Can you be happy but dissatisfied?
A friend's insight highlights the distinction between fleeting happiness and lasting satisfaction, urging us to embrace both for a fulfilling life.
I was catching up with a friend after a gap of few months and he asked me a couple of seemingly simple questions: ‘How have you been doing? Do you feel happy?’ And then, even before I could answer, he stated: ‘Happiness can be fleeting it comes and goes, it’s satisfaction that counts, doesn’t it?’

His statement stayed with me as a reminder of how we keep falling into the trap of chasing happiness-- flitting and rapidly moving from one goal to another. In the process though we often forget to ask ourselves, ‘Are we satisfied?’
In psychological research, so much time and effort has been spent on the subject of happiness that the idea of someone being satisfied and its contribution to our sense of well-being has not got sufficient attention. Some researchers see satisfaction as part of the happiness paradigm while there are other models that connect satisfaction to other positive states of well-being. Then there are others who explore satisfaction and happiness from a spiritual lens.

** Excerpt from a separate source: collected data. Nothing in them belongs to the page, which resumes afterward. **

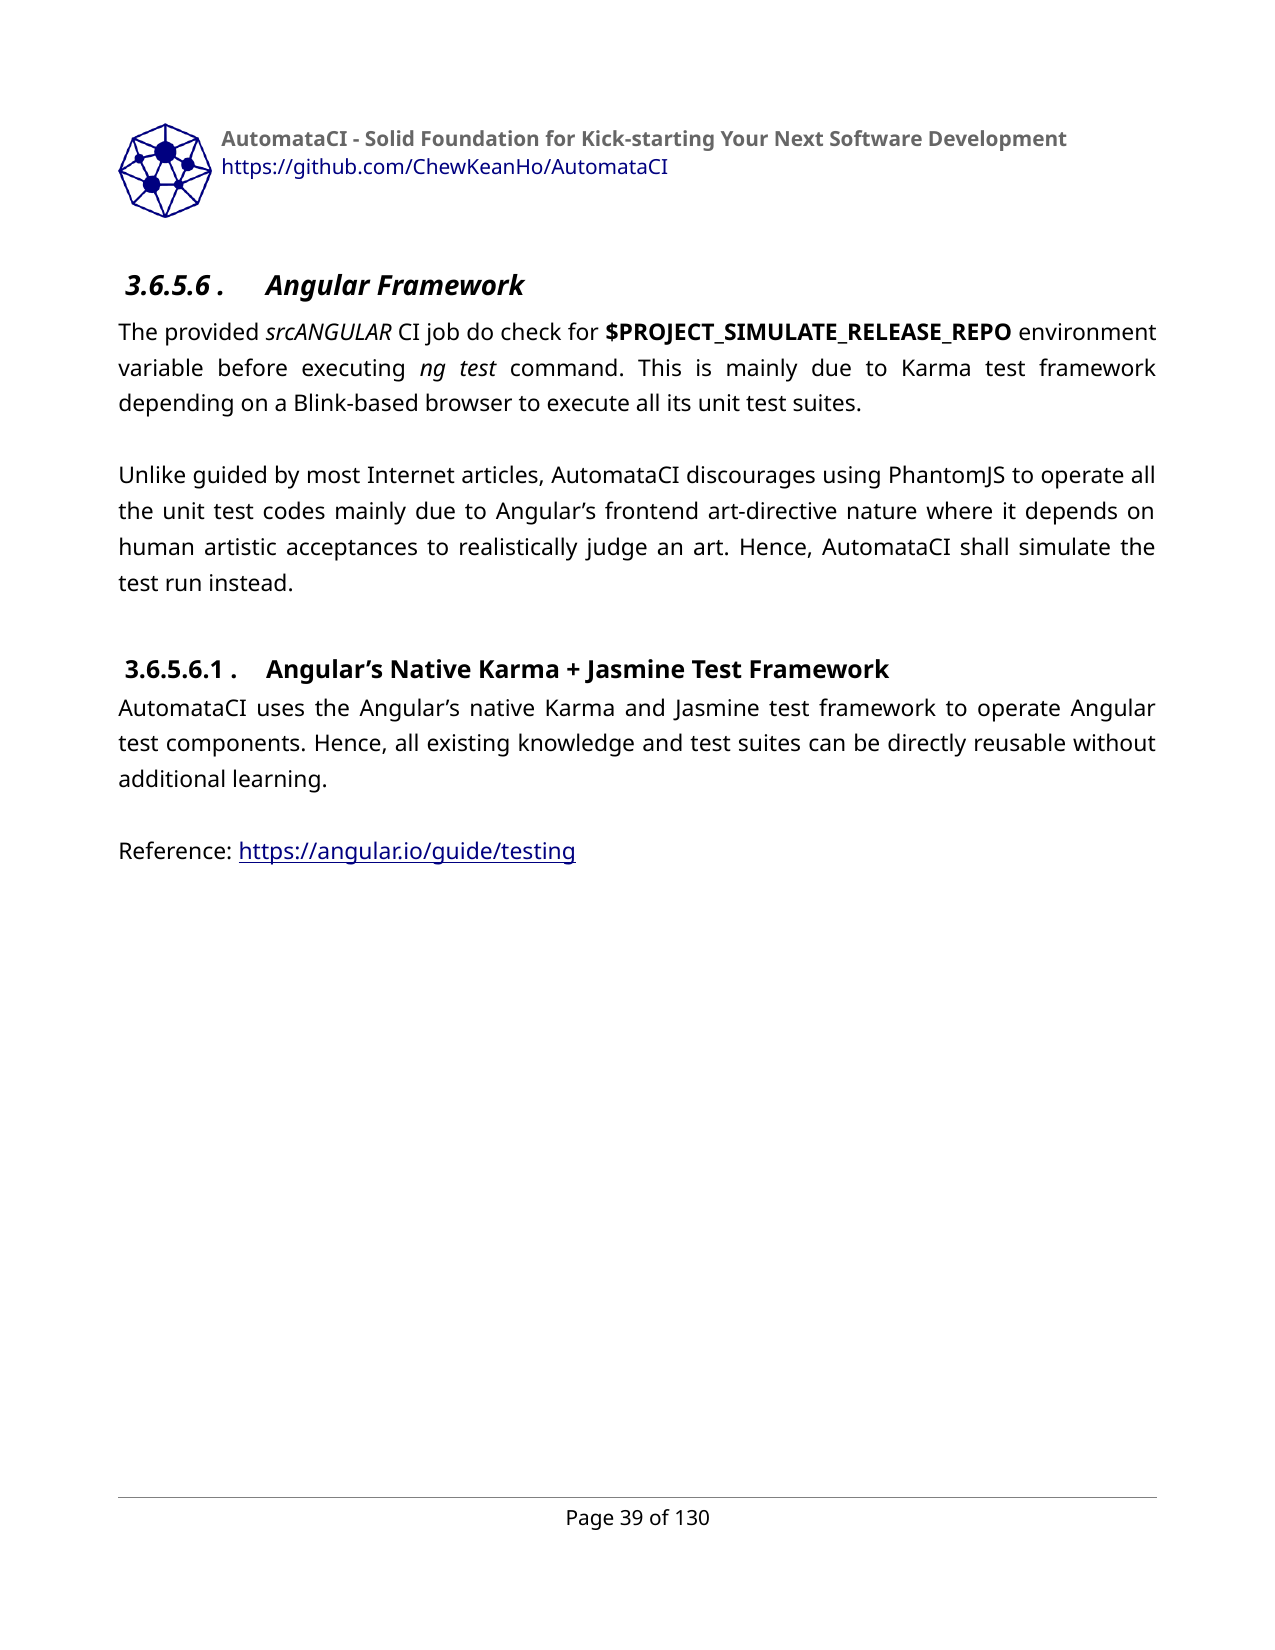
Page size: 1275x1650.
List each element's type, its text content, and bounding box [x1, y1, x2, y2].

text Unlike guided by most Internet articles, AutomataCI discourages using PhantomJS to operate all the unit test codes mainly due to Angular’s frontend art-directive nature where it depends on human artistic acceptances to realistically judge an art. Hence, AutomataCI shall simulate the test run instead. [118, 459, 1157, 598]
subtitle Angular Framework [118, 265, 1157, 303]
text AutomataCI uses the Angular’s native Karma and Jasmine test framework to operate Angular test components. Hence, all existing knowledge and test suites can be directly reusable without additional learning. [118, 691, 1157, 794]
subtitle Angular’s Native Karma + Jasmine Test Framework [118, 651, 1157, 685]
text Reference: https://angular.io/guide/testing [118, 835, 1157, 866]
text The provided srcANGULAR CI job do check for $PROJECT_SIMULATE_RELEASE_REPO environment variable before executing ng test command. This is mainly due to Karma test framework depending on a Blink-based browser to execute all its unit test suites. [118, 316, 1157, 419]
picture [118, 123, 212, 218]
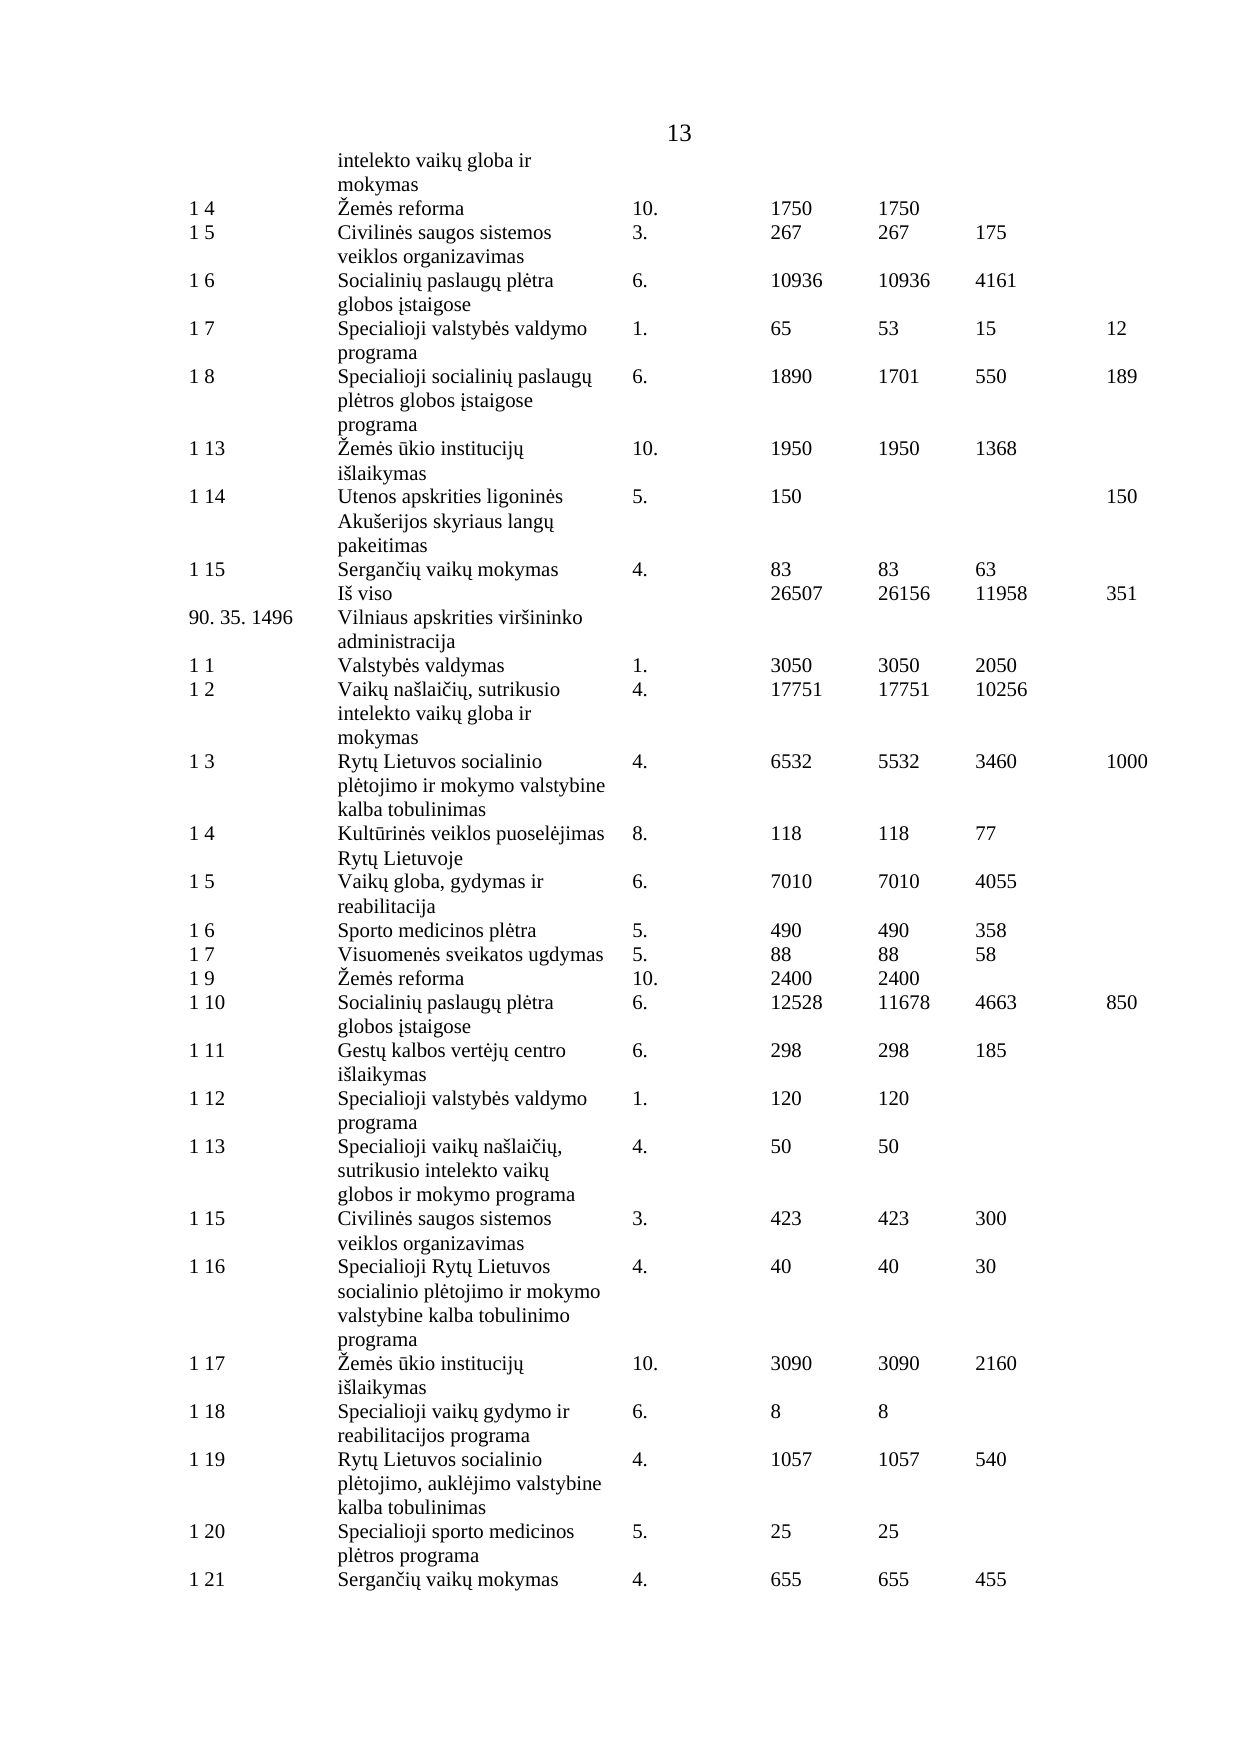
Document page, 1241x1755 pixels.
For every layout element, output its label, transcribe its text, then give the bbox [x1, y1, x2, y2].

table_cell 490 [867, 918, 964, 942]
table_cell 6532 [759, 749, 867, 821]
table_cell [964, 605, 1095, 653]
table_cell Visuomenės sveikatos ugdymas [326, 942, 621, 966]
table_cell 423 [867, 1206, 964, 1254]
table_cell [867, 605, 964, 653]
table_cell 655 [759, 1567, 867, 1591]
table_cell 10. [621, 1351, 759, 1399]
table_cell 88 [867, 942, 964, 966]
table_cell [964, 1134, 1095, 1206]
table_cell Rytų Lietuvos socialinio plėtojimo ir mokymo valstybine kalba tobulinimas [326, 749, 621, 821]
table_cell 10. [621, 966, 759, 990]
table_cell 17751 [759, 677, 867, 749]
table_cell 3050 [867, 653, 964, 677]
table_cell 358 [964, 918, 1095, 942]
table_cell 12 [1095, 316, 1181, 364]
table_cell 83 [867, 557, 964, 581]
table_cell [1095, 1038, 1181, 1086]
table_cell [1095, 436, 1181, 484]
table_cell [1095, 1255, 1181, 1351]
table_cell Specialioji valstybės valdymo programa [326, 316, 621, 364]
table_cell 1. [621, 1086, 759, 1134]
table_cell 5532 [867, 749, 964, 821]
table_cell [1095, 677, 1181, 749]
table_cell [1095, 653, 1181, 677]
table_cell [964, 1086, 1095, 1134]
table_cell Vilniaus apskrities viršininko administracija [326, 605, 621, 653]
table_cell 7010 [867, 870, 964, 918]
table_cell 1 9 [177, 966, 326, 990]
table_cell 1 13 [177, 436, 326, 484]
table_cell Civilinės saugos sistemos veiklos organizavimas [326, 220, 621, 268]
table_cell 8 [759, 1399, 867, 1447]
table_cell Vaikų našlaičių, sutrikusio intelekto vaikų globa ir mokymas [326, 677, 621, 749]
table_cell Valstybės valdymas [326, 653, 621, 677]
table_cell 10. [621, 436, 759, 484]
table_cell [964, 1399, 1095, 1447]
table_cell 540 [964, 1447, 1095, 1519]
table_cell 88 [759, 942, 867, 966]
table_cell 6. [621, 268, 759, 316]
table_cell [1095, 220, 1181, 268]
table_cell Iš viso [326, 581, 621, 605]
table_cell 2400 [759, 966, 867, 990]
table_cell 1 21 [177, 1567, 326, 1591]
table_cell 490 [759, 918, 867, 942]
table_cell 4. [621, 1447, 759, 1519]
table_cell 90. 35. 1496 [177, 605, 326, 653]
table_cell 25 [759, 1519, 867, 1567]
table_cell [1095, 1519, 1181, 1567]
table_cell 5. [621, 918, 759, 942]
table_cell 423 [759, 1206, 867, 1254]
table_cell 267 [867, 220, 964, 268]
table_cell [177, 581, 326, 605]
table_cell Sporto medicinos plėtra [326, 918, 621, 942]
table_cell 6. [621, 1399, 759, 1447]
table_cell Utenos apskrities ligoninės Akušerijos skyriaus langų pakeitimas [326, 485, 621, 557]
table_cell 1890 [759, 364, 867, 436]
table_cell 5. [621, 485, 759, 557]
table_cell 4. [621, 749, 759, 821]
table_cell 1 11 [177, 1038, 326, 1086]
table_cell 3460 [964, 749, 1095, 821]
table_cell 1 3 [177, 749, 326, 821]
table_cell Socialinių paslaugų plėtra globos įstaigose [326, 990, 621, 1038]
table_cell 1750 [759, 196, 867, 220]
table_cell 11678 [867, 990, 964, 1038]
table_cell 10256 [964, 677, 1095, 749]
table_cell 3090 [867, 1351, 964, 1399]
table_cell [1095, 557, 1181, 581]
table_cell [964, 148, 1095, 196]
table_cell 1057 [867, 1447, 964, 1519]
table_cell 1. [621, 653, 759, 677]
table_cell 26156 [867, 581, 964, 605]
table_cell 26507 [759, 581, 867, 605]
table_cell 120 [759, 1086, 867, 1134]
table_cell [964, 485, 1095, 557]
table_cell 1 15 [177, 557, 326, 581]
table_cell 1057 [759, 1447, 867, 1519]
table_cell Rytų Lietuvos socialinio plėtojimo, auklėjimo valstybine kalba tobulinimas [326, 1447, 621, 1519]
table_cell 1 5 [177, 870, 326, 918]
table_cell 1950 [759, 436, 867, 484]
table_cell 4055 [964, 870, 1095, 918]
table_cell 4663 [964, 990, 1095, 1038]
table_cell [177, 148, 326, 196]
table_cell 2400 [867, 966, 964, 990]
table_cell 4161 [964, 268, 1095, 316]
table_cell [1095, 1447, 1181, 1519]
table_cell [1095, 605, 1181, 653]
table_cell 77 [964, 821, 1095, 869]
table_cell 7010 [759, 870, 867, 918]
table_cell [1095, 821, 1181, 869]
table_cell 1 6 [177, 918, 326, 942]
table_cell 1 1 [177, 653, 326, 677]
table_cell [964, 1519, 1095, 1567]
table_cell 63 [964, 557, 1095, 581]
table_cell 1 5 [177, 220, 326, 268]
table_cell 4. [621, 1255, 759, 1351]
table_cell [1095, 942, 1181, 966]
table_cell Žemės ūkio institucijų išlaikymas [326, 1351, 621, 1399]
table_cell 10936 [867, 268, 964, 316]
table_cell 83 [759, 557, 867, 581]
table_cell 1 20 [177, 1519, 326, 1567]
table_cell 4. [621, 677, 759, 749]
table_cell 267 [759, 220, 867, 268]
table_cell 175 [964, 220, 1095, 268]
table_cell 1 4 [177, 196, 326, 220]
table_cell 2050 [964, 653, 1095, 677]
table_cell 1 8 [177, 364, 326, 436]
table_cell [1095, 148, 1181, 196]
table_cell 298 [867, 1038, 964, 1086]
table_cell [1095, 1206, 1181, 1254]
table_cell 1 7 [177, 316, 326, 364]
table_cell 1 6 [177, 268, 326, 316]
table_cell 120 [867, 1086, 964, 1134]
table_cell 1 15 [177, 1206, 326, 1254]
table_cell 8. [621, 821, 759, 869]
table_cell 4. [621, 557, 759, 581]
table_cell 1 7 [177, 942, 326, 966]
table_cell Žemės reforma [326, 196, 621, 220]
table_cell [1095, 1567, 1181, 1591]
table_cell Žemės ūkio institucijų išlaikymas [326, 436, 621, 484]
table_cell 1701 [867, 364, 964, 436]
table_cell 185 [964, 1038, 1095, 1086]
table_cell Specialioji sporto medicinos plėtros programa [326, 1519, 621, 1567]
table_cell Kultūrinės veiklos puoselėjimas Rytų Lietuvoje [326, 821, 621, 869]
table_cell [964, 196, 1095, 220]
table_cell 53 [867, 316, 964, 364]
table_cell 3. [621, 220, 759, 268]
table_cell 3. [621, 1206, 759, 1254]
table_cell 25 [867, 1519, 964, 1567]
table_cell 6. [621, 364, 759, 436]
table_cell 4. [621, 1567, 759, 1591]
table_cell 6. [621, 990, 759, 1038]
table_cell 550 [964, 364, 1095, 436]
table_cell [1095, 1399, 1181, 1447]
table_cell 455 [964, 1567, 1095, 1591]
table_cell 1. [621, 316, 759, 364]
table_cell Socialinių paslaugų plėtra globos įstaigose [326, 268, 621, 316]
table_cell Specialioji vaikų gydymo ir reabilitacijos programa [326, 1399, 621, 1447]
table_cell 1 18 [177, 1399, 326, 1447]
table_cell [1095, 1086, 1181, 1134]
table_cell Specialioji Rytų Lietuvos socialinio plėtojimo ir mokymo valstybine kalba tobulinimo programa [326, 1255, 621, 1351]
table_cell 298 [759, 1038, 867, 1086]
table_cell [964, 966, 1095, 990]
table_cell [621, 581, 759, 605]
table_cell 1000 [1095, 749, 1181, 821]
table_cell Sergančių vaikų mokymas [326, 1567, 621, 1591]
table_cell 58 [964, 942, 1095, 966]
table_cell 1368 [964, 436, 1095, 484]
table_cell [867, 148, 964, 196]
table_cell 50 [759, 1134, 867, 1206]
table_cell 50 [867, 1134, 964, 1206]
table_cell 4. [621, 1134, 759, 1206]
table_cell 1750 [867, 196, 964, 220]
table_cell Civilinės saugos sistemos veiklos organizavimas [326, 1206, 621, 1254]
table_cell 17751 [867, 677, 964, 749]
table_cell [621, 148, 759, 196]
table_cell 5. [621, 942, 759, 966]
table_cell Specialioji vaikų našlaičių, sutrikusio intelekto vaikų globos ir mokymo programa [326, 1134, 621, 1206]
table_cell intelekto vaikų globa ir mokymas [326, 148, 621, 196]
table_cell 150 [759, 485, 867, 557]
table_cell [1095, 1134, 1181, 1206]
table_cell Specialioji valstybės valdymo programa [326, 1086, 621, 1134]
table_cell 1 2 [177, 677, 326, 749]
table_cell Gestų kalbos vertėjų centro išlaikymas [326, 1038, 621, 1086]
table_cell 10936 [759, 268, 867, 316]
table_cell 40 [867, 1255, 964, 1351]
table_cell 1 13 [177, 1134, 326, 1206]
table_cell 351 [1095, 581, 1181, 605]
table_cell 1 17 [177, 1351, 326, 1399]
table_cell 12528 [759, 990, 867, 1038]
table_cell [1095, 196, 1181, 220]
table_cell 1950 [867, 436, 964, 484]
table_cell Žemės reforma [326, 966, 621, 990]
table_cell [1095, 870, 1181, 918]
table_cell 1 12 [177, 1086, 326, 1134]
table_cell 8 [867, 1399, 964, 1447]
table_cell 3050 [759, 653, 867, 677]
table_cell 300 [964, 1206, 1095, 1254]
table_cell 118 [867, 821, 964, 869]
table_cell Specialioji socialinių paslaugų plėtros globos įstaigose programa [326, 364, 621, 436]
table_cell 6. [621, 1038, 759, 1086]
table_cell [621, 605, 759, 653]
table_cell 1 19 [177, 1447, 326, 1519]
table_cell Sergančių vaikų mokymas [326, 557, 621, 581]
table_cell 1 14 [177, 485, 326, 557]
table_cell 10. [621, 196, 759, 220]
table_cell [1095, 1351, 1181, 1399]
table_cell [1095, 268, 1181, 316]
table_cell 11958 [964, 581, 1095, 605]
table_cell 1 10 [177, 990, 326, 1038]
table_cell 655 [867, 1567, 964, 1591]
table_cell 118 [759, 821, 867, 869]
table_cell 15 [964, 316, 1095, 364]
table_cell [1095, 966, 1181, 990]
table_cell 40 [759, 1255, 867, 1351]
table_cell [1095, 918, 1181, 942]
table_cell 65 [759, 316, 867, 364]
table_cell [867, 485, 964, 557]
table_cell Vaikų globa, gydymas ir reabilitacija [326, 870, 621, 918]
table_cell 2160 [964, 1351, 1095, 1399]
table_cell [759, 605, 867, 653]
table_cell 189 [1095, 364, 1181, 436]
table_cell 6. [621, 870, 759, 918]
table_cell 850 [1095, 990, 1181, 1038]
table_cell [759, 148, 867, 196]
table_cell 5. [621, 1519, 759, 1567]
table_cell 30 [964, 1255, 1095, 1351]
table_cell 1 4 [177, 821, 326, 869]
table_cell 1 16 [177, 1255, 326, 1351]
table_cell 3090 [759, 1351, 867, 1399]
table_cell 150 [1095, 485, 1181, 557]

To me satisfaction feels like contentment, moments where there is a joy in being fully present versus happiness which I often see as a high arousal feeling state where one feels exalted, a certain rush of energy and a state which really is quite manifest. Satisfaction as a state is very subtle, showing up in quieter ways. One of my favourite exercises is to ask clients to work on list of moments when they felt happy and then moments on those times when they felt satisfied. End of the year is a good time for people to look back and introspect on what they need to do more of, and what needs to change in their life. Over the years I have observed that people find it very difficult to make these two distinct lists as people associate happiness with a goal met, desire fulfilled while satisfaction is experienced as enduring happiness and has components of gratitude, acceptance and grace. Yet, we know that satisfaction is deeply subjective, which makes it hard to study. I remember a 63-year-old client telling me, ‘Buying a house, getting my children married, becoming a grandparent were all happy events, and then there is the feeling of satisfaction of daily life which allows me to enjoy special events more.” He went on to describe satisfaction as the anchor of his ordinary, day-to-day life.
Our feelings of satisfaction can be experienced as being ephemeral and at the same time when any of us are in that state we are aware of it. While happiness can keep us on the hedonic treadmill, satisfaction can remind us about the power of pause and the value in savouring moments of joy. And yet, my sense is that we fear satisfaction because we believe that if we end up experiencing it then it may come in the way of our ambitions. But it’s actually the exact opposite -– the more we can pause and soak the feeling of satisfaction, the experience of feeling fulfilled – the more we can work towards ambitious goals whether they have to do with people or work. So, satisfaction and ambition can co-exist – we just need to allow ourselves the space to envision them as coexisting.
As we step towards a new year, it’s a good idea to reimagine both happiness and satisfaction – a constant adulthood task that may be the secret sauce to our flourishing and building a good life.